I’ll tell Will, she was thinking, frightened all over again, terrified. Tell him it’s not going to work, tell him I need sun, not gloom, comfort, pampering, civilization, that this is all wrong, wrong, wrong. Tell him I can’t be his wife, can’t sleep in the same bed with him, can’t do what’s expected of a wife because my bones won’t stand it, my lungs, my breasts, my heart, my heart…

When was the last time they’d been husband and wife? Before her hemorrhage. Before December, anyway. And before that, after she’d begun to lose weight and Dr. Erringer had informed her that consumption was not hereditary as people had believed all these years but a disease caused by infectious agents, by microbes that were so small as to be invisible, she’d been afraid for Will, afraid of infecting him, and yet he was needful and she was too and their marital relations went on. With one proviso: she wouldn’t kiss him. Wouldn’t kiss anyone, not even Edith — not on the lips. That was her true terror — not that she herself would succumb, which on her bad days she saw as increasingly inevitable no matter how much Will tried to talk it away, but that she would infect the ones she loved the most.

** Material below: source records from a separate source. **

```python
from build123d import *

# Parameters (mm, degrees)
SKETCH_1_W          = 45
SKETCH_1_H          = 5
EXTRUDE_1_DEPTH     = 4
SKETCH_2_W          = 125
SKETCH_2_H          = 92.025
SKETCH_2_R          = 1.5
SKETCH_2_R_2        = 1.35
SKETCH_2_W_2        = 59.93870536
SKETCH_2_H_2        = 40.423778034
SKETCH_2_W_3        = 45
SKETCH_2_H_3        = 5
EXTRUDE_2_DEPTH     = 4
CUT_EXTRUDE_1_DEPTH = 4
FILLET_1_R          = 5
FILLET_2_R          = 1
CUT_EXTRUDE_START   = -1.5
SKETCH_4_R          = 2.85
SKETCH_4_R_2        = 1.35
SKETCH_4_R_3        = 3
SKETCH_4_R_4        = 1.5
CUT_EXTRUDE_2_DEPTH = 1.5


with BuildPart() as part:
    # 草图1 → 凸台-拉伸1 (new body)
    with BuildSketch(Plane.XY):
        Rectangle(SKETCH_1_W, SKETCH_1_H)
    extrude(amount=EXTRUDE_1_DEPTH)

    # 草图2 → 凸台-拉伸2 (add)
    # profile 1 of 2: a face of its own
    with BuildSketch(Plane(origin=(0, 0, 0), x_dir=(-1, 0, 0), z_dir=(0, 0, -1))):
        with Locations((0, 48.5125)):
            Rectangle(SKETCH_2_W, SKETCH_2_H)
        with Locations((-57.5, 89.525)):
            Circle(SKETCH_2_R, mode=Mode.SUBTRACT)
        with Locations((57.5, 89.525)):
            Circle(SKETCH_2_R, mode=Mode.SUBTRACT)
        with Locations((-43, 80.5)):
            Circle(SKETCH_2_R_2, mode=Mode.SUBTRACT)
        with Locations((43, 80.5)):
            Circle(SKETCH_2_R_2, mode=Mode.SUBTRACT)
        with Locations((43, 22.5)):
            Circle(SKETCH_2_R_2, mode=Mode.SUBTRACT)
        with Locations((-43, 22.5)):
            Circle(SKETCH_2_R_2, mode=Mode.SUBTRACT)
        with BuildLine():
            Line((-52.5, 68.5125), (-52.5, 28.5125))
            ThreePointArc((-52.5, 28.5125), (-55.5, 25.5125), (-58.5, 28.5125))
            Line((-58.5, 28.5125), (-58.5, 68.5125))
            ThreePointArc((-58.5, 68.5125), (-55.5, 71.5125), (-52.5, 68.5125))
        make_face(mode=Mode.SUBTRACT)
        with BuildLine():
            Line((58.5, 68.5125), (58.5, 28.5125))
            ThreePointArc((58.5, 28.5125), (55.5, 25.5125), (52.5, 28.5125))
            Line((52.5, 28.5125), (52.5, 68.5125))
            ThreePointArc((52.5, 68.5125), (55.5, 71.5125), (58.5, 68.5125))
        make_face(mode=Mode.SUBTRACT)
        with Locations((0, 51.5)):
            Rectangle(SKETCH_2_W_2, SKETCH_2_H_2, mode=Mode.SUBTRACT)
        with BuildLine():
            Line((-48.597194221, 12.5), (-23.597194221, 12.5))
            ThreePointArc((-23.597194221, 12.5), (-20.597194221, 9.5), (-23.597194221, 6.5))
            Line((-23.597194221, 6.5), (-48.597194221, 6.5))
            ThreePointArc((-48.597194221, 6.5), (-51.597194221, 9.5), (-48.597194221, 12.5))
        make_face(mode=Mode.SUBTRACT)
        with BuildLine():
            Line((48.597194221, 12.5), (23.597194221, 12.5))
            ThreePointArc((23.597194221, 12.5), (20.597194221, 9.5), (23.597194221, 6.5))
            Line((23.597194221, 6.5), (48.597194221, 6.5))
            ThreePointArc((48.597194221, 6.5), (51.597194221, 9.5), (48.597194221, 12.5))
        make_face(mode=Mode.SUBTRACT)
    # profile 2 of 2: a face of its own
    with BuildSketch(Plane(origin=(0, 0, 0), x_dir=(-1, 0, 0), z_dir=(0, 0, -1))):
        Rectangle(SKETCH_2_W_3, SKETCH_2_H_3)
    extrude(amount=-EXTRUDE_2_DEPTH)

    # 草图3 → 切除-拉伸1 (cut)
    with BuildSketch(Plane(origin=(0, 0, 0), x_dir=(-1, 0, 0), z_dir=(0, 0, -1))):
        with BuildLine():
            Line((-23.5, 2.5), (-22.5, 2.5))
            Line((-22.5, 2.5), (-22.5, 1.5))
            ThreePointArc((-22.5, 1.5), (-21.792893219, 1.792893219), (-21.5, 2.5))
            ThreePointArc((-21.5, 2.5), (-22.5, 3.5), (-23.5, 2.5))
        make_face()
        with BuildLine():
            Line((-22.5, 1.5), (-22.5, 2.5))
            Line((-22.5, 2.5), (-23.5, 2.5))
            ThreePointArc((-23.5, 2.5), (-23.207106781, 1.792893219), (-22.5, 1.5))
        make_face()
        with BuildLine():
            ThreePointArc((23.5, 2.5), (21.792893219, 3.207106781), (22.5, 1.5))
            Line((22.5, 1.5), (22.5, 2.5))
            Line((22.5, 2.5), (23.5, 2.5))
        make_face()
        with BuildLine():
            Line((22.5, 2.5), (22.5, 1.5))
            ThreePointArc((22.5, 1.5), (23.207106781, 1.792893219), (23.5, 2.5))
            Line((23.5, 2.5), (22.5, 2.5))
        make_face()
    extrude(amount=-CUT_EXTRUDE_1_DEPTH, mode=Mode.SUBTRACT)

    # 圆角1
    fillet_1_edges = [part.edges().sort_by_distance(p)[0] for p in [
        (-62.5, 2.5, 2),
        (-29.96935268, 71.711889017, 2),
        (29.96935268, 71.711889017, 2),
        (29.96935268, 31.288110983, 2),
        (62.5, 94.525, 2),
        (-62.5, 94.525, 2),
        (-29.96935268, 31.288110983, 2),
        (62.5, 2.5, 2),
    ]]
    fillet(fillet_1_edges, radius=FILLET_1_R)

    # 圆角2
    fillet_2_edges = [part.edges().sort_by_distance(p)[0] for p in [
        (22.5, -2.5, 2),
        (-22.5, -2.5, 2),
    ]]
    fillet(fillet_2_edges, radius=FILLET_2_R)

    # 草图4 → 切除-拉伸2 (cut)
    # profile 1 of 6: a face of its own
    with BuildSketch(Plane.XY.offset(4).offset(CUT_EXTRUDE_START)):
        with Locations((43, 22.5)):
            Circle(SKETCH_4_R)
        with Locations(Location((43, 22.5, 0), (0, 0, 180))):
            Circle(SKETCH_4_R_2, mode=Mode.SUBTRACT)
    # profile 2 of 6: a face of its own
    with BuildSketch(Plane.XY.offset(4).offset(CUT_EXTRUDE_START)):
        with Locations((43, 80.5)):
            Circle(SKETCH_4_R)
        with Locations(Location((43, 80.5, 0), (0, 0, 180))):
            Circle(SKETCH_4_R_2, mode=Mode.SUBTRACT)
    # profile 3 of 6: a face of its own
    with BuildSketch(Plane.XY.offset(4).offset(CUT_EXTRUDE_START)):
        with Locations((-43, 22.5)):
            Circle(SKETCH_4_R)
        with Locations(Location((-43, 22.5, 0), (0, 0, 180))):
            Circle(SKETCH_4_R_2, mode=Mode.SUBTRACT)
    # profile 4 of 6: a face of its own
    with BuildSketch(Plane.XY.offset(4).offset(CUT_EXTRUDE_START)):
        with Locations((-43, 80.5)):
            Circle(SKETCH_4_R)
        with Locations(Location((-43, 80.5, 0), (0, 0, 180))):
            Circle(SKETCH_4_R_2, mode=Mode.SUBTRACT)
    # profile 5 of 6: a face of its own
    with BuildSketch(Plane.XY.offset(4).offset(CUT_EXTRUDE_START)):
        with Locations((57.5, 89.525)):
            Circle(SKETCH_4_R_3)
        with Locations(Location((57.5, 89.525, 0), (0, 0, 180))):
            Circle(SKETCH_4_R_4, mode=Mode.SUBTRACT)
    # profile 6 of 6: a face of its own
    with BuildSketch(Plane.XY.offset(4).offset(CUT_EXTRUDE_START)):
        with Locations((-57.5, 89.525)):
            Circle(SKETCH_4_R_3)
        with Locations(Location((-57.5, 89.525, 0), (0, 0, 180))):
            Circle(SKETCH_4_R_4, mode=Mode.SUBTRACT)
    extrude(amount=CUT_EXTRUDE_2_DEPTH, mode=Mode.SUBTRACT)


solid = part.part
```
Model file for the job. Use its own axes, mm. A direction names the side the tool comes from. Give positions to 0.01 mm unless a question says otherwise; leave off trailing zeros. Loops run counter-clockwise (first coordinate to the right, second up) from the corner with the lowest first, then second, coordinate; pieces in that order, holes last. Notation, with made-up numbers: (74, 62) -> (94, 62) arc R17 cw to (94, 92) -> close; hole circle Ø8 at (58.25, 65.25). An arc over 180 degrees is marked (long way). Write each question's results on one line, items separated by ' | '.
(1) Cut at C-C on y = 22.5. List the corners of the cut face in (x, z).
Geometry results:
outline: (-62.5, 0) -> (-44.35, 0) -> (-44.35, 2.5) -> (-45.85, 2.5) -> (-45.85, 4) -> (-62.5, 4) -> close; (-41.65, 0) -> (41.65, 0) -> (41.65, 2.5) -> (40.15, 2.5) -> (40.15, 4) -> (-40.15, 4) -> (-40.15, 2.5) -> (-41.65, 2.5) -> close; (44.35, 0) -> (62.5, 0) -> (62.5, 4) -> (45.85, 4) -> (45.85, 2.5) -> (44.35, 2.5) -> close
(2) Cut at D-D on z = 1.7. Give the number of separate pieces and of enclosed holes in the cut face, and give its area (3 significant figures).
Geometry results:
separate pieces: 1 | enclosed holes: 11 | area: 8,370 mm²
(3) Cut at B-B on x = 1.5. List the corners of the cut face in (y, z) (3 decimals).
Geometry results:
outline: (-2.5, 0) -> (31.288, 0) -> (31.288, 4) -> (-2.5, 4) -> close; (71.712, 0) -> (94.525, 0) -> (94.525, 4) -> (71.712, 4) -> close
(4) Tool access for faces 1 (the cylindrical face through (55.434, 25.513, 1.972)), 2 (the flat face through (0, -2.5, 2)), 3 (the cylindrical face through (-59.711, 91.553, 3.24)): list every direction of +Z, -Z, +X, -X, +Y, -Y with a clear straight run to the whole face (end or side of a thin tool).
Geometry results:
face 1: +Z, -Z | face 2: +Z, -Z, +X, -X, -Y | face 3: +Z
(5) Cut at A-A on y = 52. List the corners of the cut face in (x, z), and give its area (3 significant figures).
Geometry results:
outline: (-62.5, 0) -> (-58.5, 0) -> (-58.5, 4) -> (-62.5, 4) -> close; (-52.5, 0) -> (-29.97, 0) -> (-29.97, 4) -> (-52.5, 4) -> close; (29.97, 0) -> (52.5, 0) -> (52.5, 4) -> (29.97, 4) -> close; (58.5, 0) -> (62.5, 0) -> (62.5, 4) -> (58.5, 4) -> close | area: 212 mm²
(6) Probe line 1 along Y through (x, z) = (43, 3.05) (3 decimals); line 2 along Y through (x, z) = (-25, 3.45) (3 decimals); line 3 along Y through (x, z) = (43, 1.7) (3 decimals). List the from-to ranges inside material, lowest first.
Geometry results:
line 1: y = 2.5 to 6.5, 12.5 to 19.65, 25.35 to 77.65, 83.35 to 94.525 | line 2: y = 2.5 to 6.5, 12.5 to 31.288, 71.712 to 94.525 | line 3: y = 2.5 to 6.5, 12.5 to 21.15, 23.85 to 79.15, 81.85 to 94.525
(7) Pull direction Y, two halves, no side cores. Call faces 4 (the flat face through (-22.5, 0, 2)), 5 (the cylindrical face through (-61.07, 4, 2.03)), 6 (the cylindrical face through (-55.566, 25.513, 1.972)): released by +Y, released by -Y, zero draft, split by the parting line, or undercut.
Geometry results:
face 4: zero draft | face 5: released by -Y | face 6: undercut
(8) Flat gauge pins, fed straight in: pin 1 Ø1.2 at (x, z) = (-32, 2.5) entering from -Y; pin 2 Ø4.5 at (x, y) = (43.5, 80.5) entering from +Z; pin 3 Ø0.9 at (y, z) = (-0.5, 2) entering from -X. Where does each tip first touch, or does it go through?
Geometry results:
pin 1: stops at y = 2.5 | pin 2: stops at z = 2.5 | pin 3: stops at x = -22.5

She turned away from the mirror, buttoned herself up and crossed back to the bed. The chill of the place — of a room in a wind-besieged house that had been allowed to go cold because there was no one there to feel it, because it had been derelict, run-down, cheerless — set her to shivering, and she wouldn’t wrap herself in the filthy bedding no matter if she shivered to death, but she laid herself down on the mattress, using one arm for a pillow, pulled up her legs and curled into herself. Sleep, that was what she needed. If she could just rest a bit, she’d feel better, she knew she would. She closed her eyes. Her breathing slowed. And the room, with its wheeling drift of dirt and the stained armoire in one corner and the chamber pot in the other, vanished into nothingness.

The Kitchen

She awoke to a distant thumping, as if to the beating of an outsized heart, a heart as big as the house itself. Thump, thump, thump. For the first moment, staring at the unfamiliar walls, she didn’t know where she was, and then it all came back to her in a rush: she was on an island raked with wind, an island fourteen miles square set down in the heaving froth of the Pacific Ocean, and there was nothing on it but the creatures of nature and an immense rolling flock of sheep that were money on the hoof, income, increase, bleating woolly sacks of greenback dollars — or at least that was the way Will saw it. Will, whose footsteps, heavy tread, were coming up the stairs to her, thumping, thumping. She held herself very still, counting off the intervals between her breaths, fighting back the urge to cough because one cough, the first one, would lead to another and then another, till the whole unraveling skein played itself out all over again.

The footsteps stopped outside the door. Then there was a knock and Will’s voice, soft and inquisitive: “Marantha, are you there? Are you asleep?”

She was gathering herself — it was New Year’s Day, they were in their new home, here now and no place else, and they were going to put things in order, celebrate the day, live and breathe and take in the air, the virginal air — but she wasn’t ready yet. She needed a minute. One more minute. She didn’t answer.